In paper, figure 3 image

Can you confirm that I understand the overall system architecture (Figure 3) of the thesis? The architecture structure of the thesis I understand is as follows.

  1. Image Encoder

    • Extract features from the input data of the image.
  2. Image-Tag Recognition Decoder

    • Predict tags from image feature data.
    • Tag data obtains tags through parsing in given data (image-text)
  3. Image-Tag Interaction Encoder and Image-Tag-Text Generation Decoder

    • It receives the feature data and tag data of the image as input and creates a sentence that describes the image.
    • Example:
      • inputs: [cat, lay, suitcase, pllow] + image-feature
      • output: A cat laying in a suitcase next to the pillow
  4. CLIP Text Encoder

    • image feature + tag list embedding?....(not sure)
  5. Textual Label Queries

    • It seems to support to learning Image-Tag Recognition Decoder
      • And only used training step

I'm reading the thesis, but I don't quite understand the contents of #4 and #5. Could you please explain it easily?

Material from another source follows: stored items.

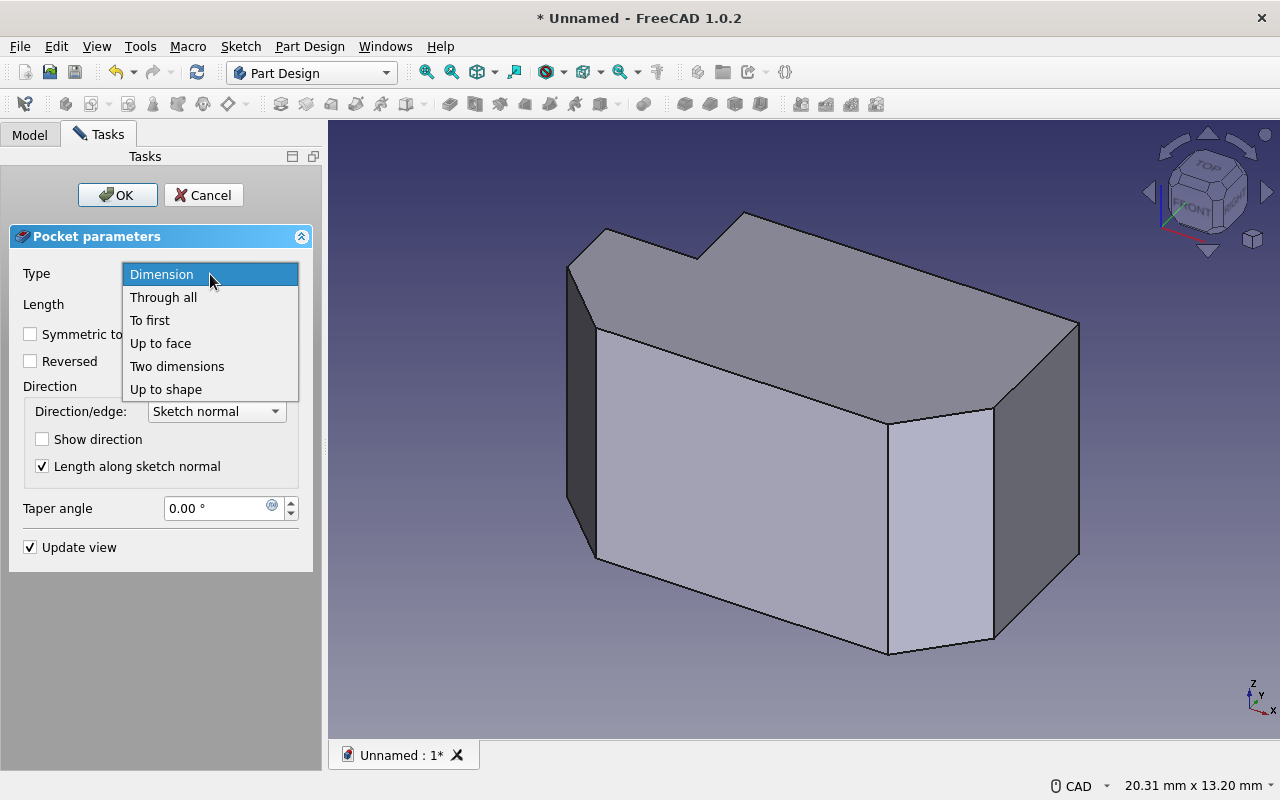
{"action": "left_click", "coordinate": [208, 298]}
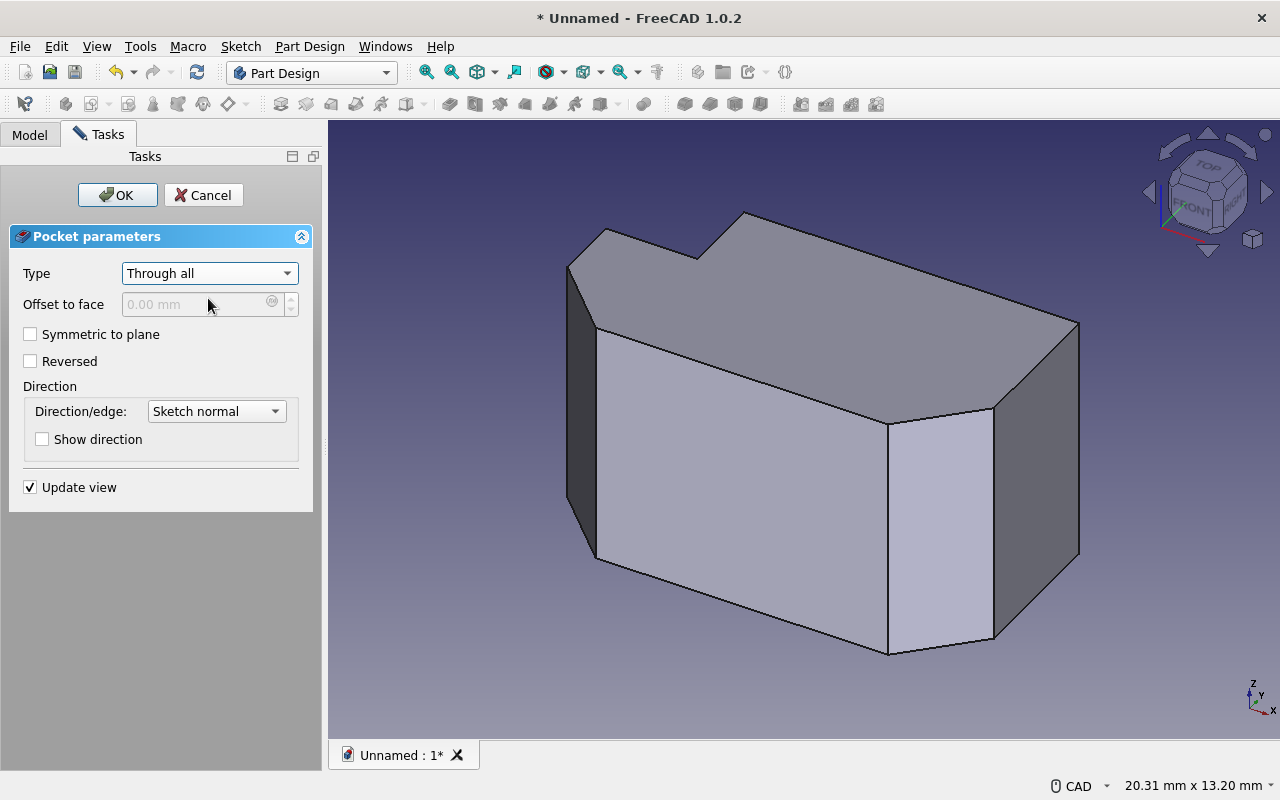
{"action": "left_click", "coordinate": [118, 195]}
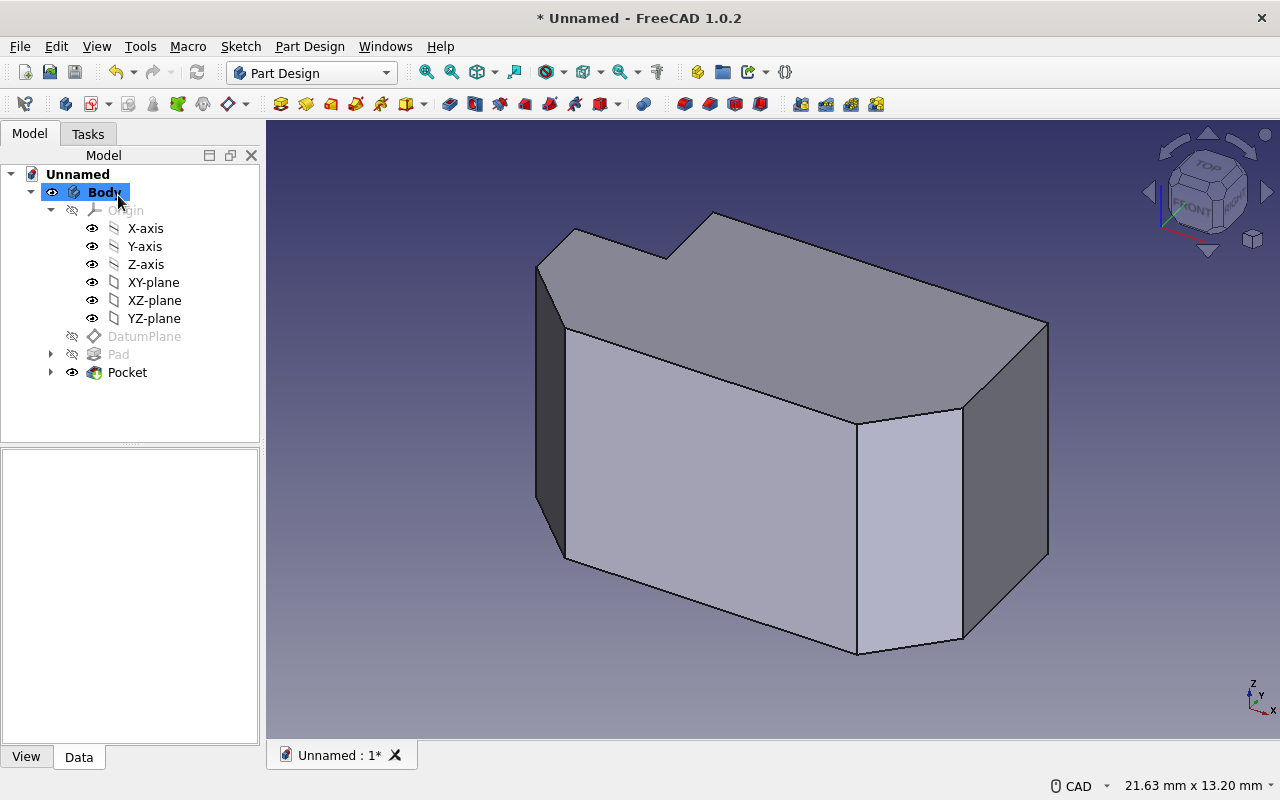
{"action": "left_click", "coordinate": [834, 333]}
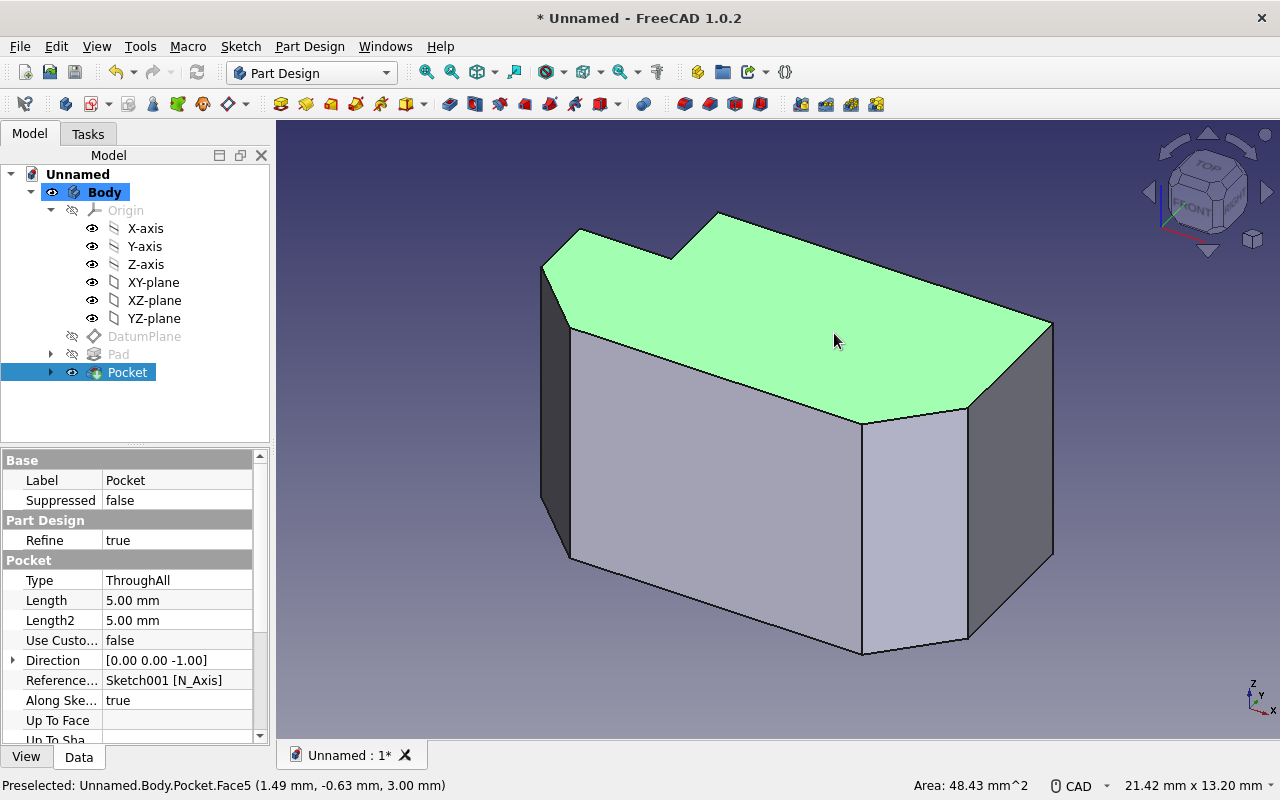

xinyu1205 commented 1 year ago

The fixed text encoder is used to encode tags separately into textual label queries with semantic information, enable inference generalization to categories that have not been seen in training stage. For example, during training, the model only trains the tag of 'dog'. Due to the similarity of the textual label embedding between 'puppy' and 'dog', inference can be generalized to the tag of 'puppy'.

sky97613 commented 1 year ago

Thank you for answer!

Does the list of tags entered as the input of CLIP Text Encoder in the figure mean the tags extracted from the training data (text)?

xinyu1205 commented 1 year ago

Please refer to the code in recognize-anything/models/openset_utils.py build_openset_label_embedding().